Ci accomuna persino l’ esperienza più deprimente di cui io abbia memoria: tutto un luglio afoso a studiare latino, morfologia e sintassi comprese, in aule studio deserte e senza ventilatori, mentre il resto del mondo se la spassa in spiaggia.
Quei momenti infausti sono però ormai solo un ricordo: grazie a dio adesso siamo tre donne, padrone di noi stesse e dell’Urbe intera.
Prendiamo possesso del territorio con una passeggiata cultural-consumista, che prevede visite ai monumenti del centro con pit stop ragionati nei negozi in via del Corso.
Ovviamente mi sento Audrey Hepburn in persona, e compro un cappello grande come un fungo atomico: a Piazza di Spagna facciamo le dive, e i turisti si fermano pure a guardarci.
Ceniamo in una piccola enoteca, un cosa informale a cui si aggiungono un po’ di amici: qualche bottiglia di vino accompagnata da chiacchiere ed assaggi, e decidiamo di spostarci in un locale radical-chic…
A dire il vero si tratta di un centro sociale, ma si sa, sono in vacanza, e poi dopotutto c’è sempre una prima volta. Entro un’ora – e un paio di drink- stiamo ballando come baccanti. La serata va avanti ad fino ad ora inoltrata, ed è quasi un peccato quando, su di noi accampati sul terrazzo di Claire, spunta pian piano la prima luce del mattino.
Alla fine però siamo sempre noi tre, e anche se siamo cresciute – e siamo senz’altro più fighe di un tempo- continuiamo a domandarci le stesse cose sulla vita: quale sia la scelta giusta, che si parli di politica interna o di correttori per le occhiaie, che si valutino opportunità di carriera o si diquisisca dottamente di sextoys.
Stese in spiaggia ci rigiriamo come polli su uno spiedo, e infervorate dalle infauste riviste di gossip a cui Mel non rinuncia in questi frangenti, passiamo in rassegna le nostre ultime avventure sentimentali. Dai dettagli piccanti ai drammoni esistenziali, non c’è un aspetto che non venga sottoposto ad un processo di simil-vivisezione, e noi giochiamo il ruolo degli scienziati pazzi.
Niente è come ce lo eravamo immaginate, ma a pensarci bene forse è meglio così: la vita ci ha tolto tonnellate di certezze, ma ci ha anche riservato un sacco di sorprese.
E così, se abbiamo perso o rinunciato per strada a cose che credevamo totalmente imprenscindibili, non ci siamo mai date per vinte e abbiamo sempre raccolto la sfida.

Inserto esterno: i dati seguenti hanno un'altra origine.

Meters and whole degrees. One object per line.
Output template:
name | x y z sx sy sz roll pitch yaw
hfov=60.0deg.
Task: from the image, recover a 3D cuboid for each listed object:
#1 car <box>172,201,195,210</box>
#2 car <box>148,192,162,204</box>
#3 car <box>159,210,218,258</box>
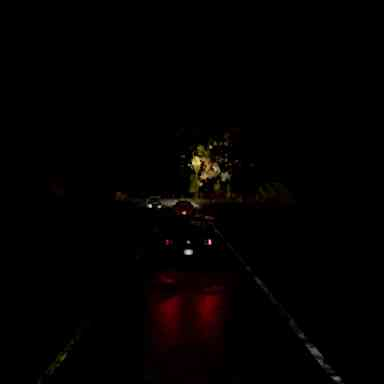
car | -0.726 1.476 28.934 1.812 1.442 4.674 0 0 -2
car | -6.525 1.093 59.054 2.150 2.045 5.566 0 0 -5
car | -0.140 1.584 12.585 1.895 1.301 4.718 0 0 -1
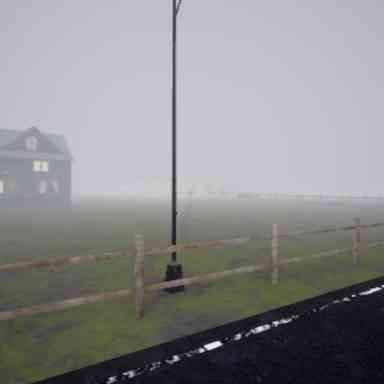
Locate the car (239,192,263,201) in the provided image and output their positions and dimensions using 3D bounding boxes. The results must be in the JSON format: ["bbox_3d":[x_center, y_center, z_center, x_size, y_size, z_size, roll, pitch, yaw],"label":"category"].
[{"bbox_3d":[10.356,0.710,58.680,2.128,1.511,4.902,0,1,-35],"label":"car"}]
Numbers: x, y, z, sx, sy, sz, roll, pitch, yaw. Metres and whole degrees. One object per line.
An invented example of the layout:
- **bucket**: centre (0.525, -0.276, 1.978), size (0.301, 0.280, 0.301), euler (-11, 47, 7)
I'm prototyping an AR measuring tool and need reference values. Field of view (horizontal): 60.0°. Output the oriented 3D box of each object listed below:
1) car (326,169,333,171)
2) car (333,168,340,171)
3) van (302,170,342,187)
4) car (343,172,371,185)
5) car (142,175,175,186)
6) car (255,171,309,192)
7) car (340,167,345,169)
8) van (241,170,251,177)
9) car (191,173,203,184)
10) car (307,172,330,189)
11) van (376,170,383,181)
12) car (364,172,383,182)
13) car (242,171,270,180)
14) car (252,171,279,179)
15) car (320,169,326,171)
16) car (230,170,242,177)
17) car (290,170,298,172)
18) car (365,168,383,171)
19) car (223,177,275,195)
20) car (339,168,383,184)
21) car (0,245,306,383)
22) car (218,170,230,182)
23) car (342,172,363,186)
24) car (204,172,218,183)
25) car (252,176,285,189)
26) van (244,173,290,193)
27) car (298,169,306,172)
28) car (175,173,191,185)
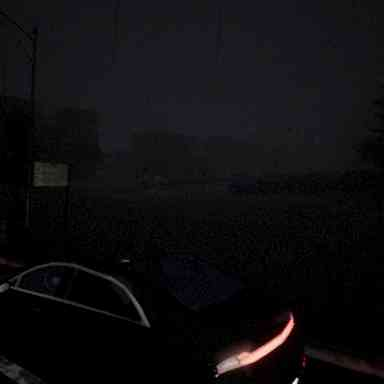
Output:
- **car**: centre (30.768, -4.778, 80.382), size (4.553, 1.767, 2.185), euler (3, 6, 31)
- **car**: centre (33.024, -4.815, 82.257), size (5.008, 1.535, 2.097), euler (3, 6, 31)
- **van**: centre (18.525, -1.646, 47.694), size (4.442, 1.987, 1.878), euler (5, 7, 32)
- **car**: centre (25.530, -1.936, 53.323), size (4.792, 1.488, 2.163), euler (4, 7, 31)
- **car**: centre (-5.503, -1.758, 50.563), size (4.674, 1.452, 2.002), euler (3, 6, 30)
- **car**: centre (11.293, -1.147, 42.250), size (5.566, 2.045, 2.435), euler (5, 8, 32)
- **car**: centre (35.289, -4.968, 84.113), size (5.008, 1.535, 2.097), euler (3, 5, 31)
- **van**: centre (7.983, -3.115, 61.876), size (4.442, 1.987, 1.878), euler (3, 6, 30)
- **car**: centre (-0.951, -2.285, 54.294), size (4.553, 1.767, 2.185), euler (3, 6, 30)
- **car**: centre (16.029, -1.378, 45.942), size (4.553, 1.767, 2.185), euler (5, 7, 32)
- **van**: centre (37.281, -3.095, 62.669), size (4.442, 1.987, 1.878), euler (4, 7, 31)
- **car**: centre (34.699, -2.711, 60.952), size (5.366, 1.575, 1.946), euler (4, 8, 31)
- **car**: centre (12.603, -3.245, 65.574), size (5.008, 1.535, 2.097), euler (3, 6, 30)
- **car**: centre (14.896, -3.394, 67.418), size (4.792, 1.488, 2.163), euler (3, 6, 30)
- **car**: centre (28.476, -4.449, 78.575), size (4.674, 1.452, 2.002), euler (3, 5, 31)
- **car**: centre (5.819, -2.705, 59.971), size (5.008, 1.535, 2.097), euler (3, 6, 30)
- **car**: centre (19.403, -3.781, 71.146), size (4.892, 1.521, 2.231), euler (3, 6, 30)
- **car**: centre (32.570, -2.761, 58.930), size (5.566, 2.045, 2.435), euler (4, 7, 31)
- **car**: centre (6.583, -0.542, 38.604), size (5.008, 1.535, 2.097), euler (5, 7, 32)
- **car**: centre (27.891, -2.396, 55.162), size (5.566, 2.045, 2.435), euler (4, 7, 31)
- **car**: centre (-1.122, 1.460, 4.262), size (4.902, 1.511, 2.128), euler (1, 0, 36)
- **car**: centre (3.580, -2.647, 58.056), size (4.553, 1.767, 2.185), euler (3, 6, 30)
- **car**: centre (23.152, -1.785, 51.465), size (4.892, 1.521, 2.231), euler (5, 8, 31)
- **car**: centre (1.264, -2.314, 56.221), size (4.792, 1.488, 2.163), euler (3, 6, 30)
- **car**: centre (10.825, -1.413, 47.595), size (1.812, 1.442, 4.674), euler (-4, 7, -31)
- **van**: centre (9.054, -0.935, 40.349), size (4.442, 1.987, 1.878), euler (5, 7, 32)
- **car**: centre (21.670, -3.960, 72.998), size (4.892, 1.521, 2.231), euler (3, 6, 31)
- **car**: centre (-3.213, -1.949, 52.432), size (4.792, 1.488, 2.163), euler (3, 6, 30)
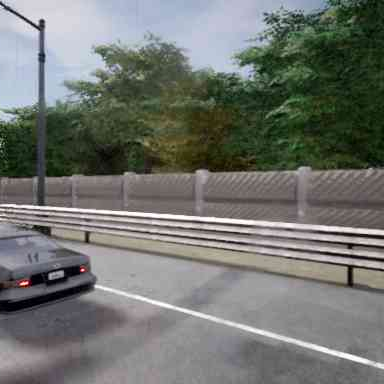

“Audaces fortuna iuvat” potrebbe essere il nostro motto, se fossimo una di quelle confraternite che si vedono nei college-movie americani.
E poi la responsabilità non ci spaventa, ma siamo capaci di goderci le piccole gioie della vita, che guarda caso, sono anche le più autentiche.
Come normali ed autentiche sono le cose che facciamo l’utima serata che passiamo insieme, una delle più divertenti&perfette che di cui io conservi ad oggi memoria.
Un drink in piazzetta con un gran gruppo di gente. Due birre,
Ceniamo tra amiche e deicidiamo che questa sera ci serve assolutamente un pizzico di avventura: ci imbuchiamo ad una festa di una regista-non-so-che dopo aver reclutato un paio di accompagnatori.
“Come andarsele a cercare”, riferito naturalmente alle figure di merda, potrebbe essere il sottotitolo della nostra incauta sortita. Quando facciamo il nostro ingresso trionfale in casa della famosa regista, si sono appena abbassate le luci, e la festeggiata sta soffiando su una torta con quaranta candeline.
Vorremmo di farci piccoli -anzi invisibili- ma siamo sei, troppi, e abbiamo tutti gli occhi ormai puntati addosso; senza contare che è difficilissimo mimetzzarsi, quando gli altri invitati – quindici in totale- sono attori conosciuti o consanguinei della festeggiata.
Ometto la parte imbarazzantissima delle presentazioni con la padrona di casa,
Ci facciamo delle grasse risate, mentre stipati nella macchina di Claire raggiungiamo gli altri amici in un nuovo locale radical-chic. Il concerto è reggae, e l’umore pure, rilassato and take it easy come poche volte. Quando i ritmi si fanno più latini, anche l’atmosfera muta di tono e gli amici di turno si trasformano nei flirt del momento.
Alle sei del mattino stiamo ancora ballando
Mi viene da chiedermi come sia possibile.
Comunque, quella notte non dormiamo nemmeno un secondo, e poi ricominciamo -come niente fosse- una nuova giornata.
Per me sono anche queste le piccole gioie della vita.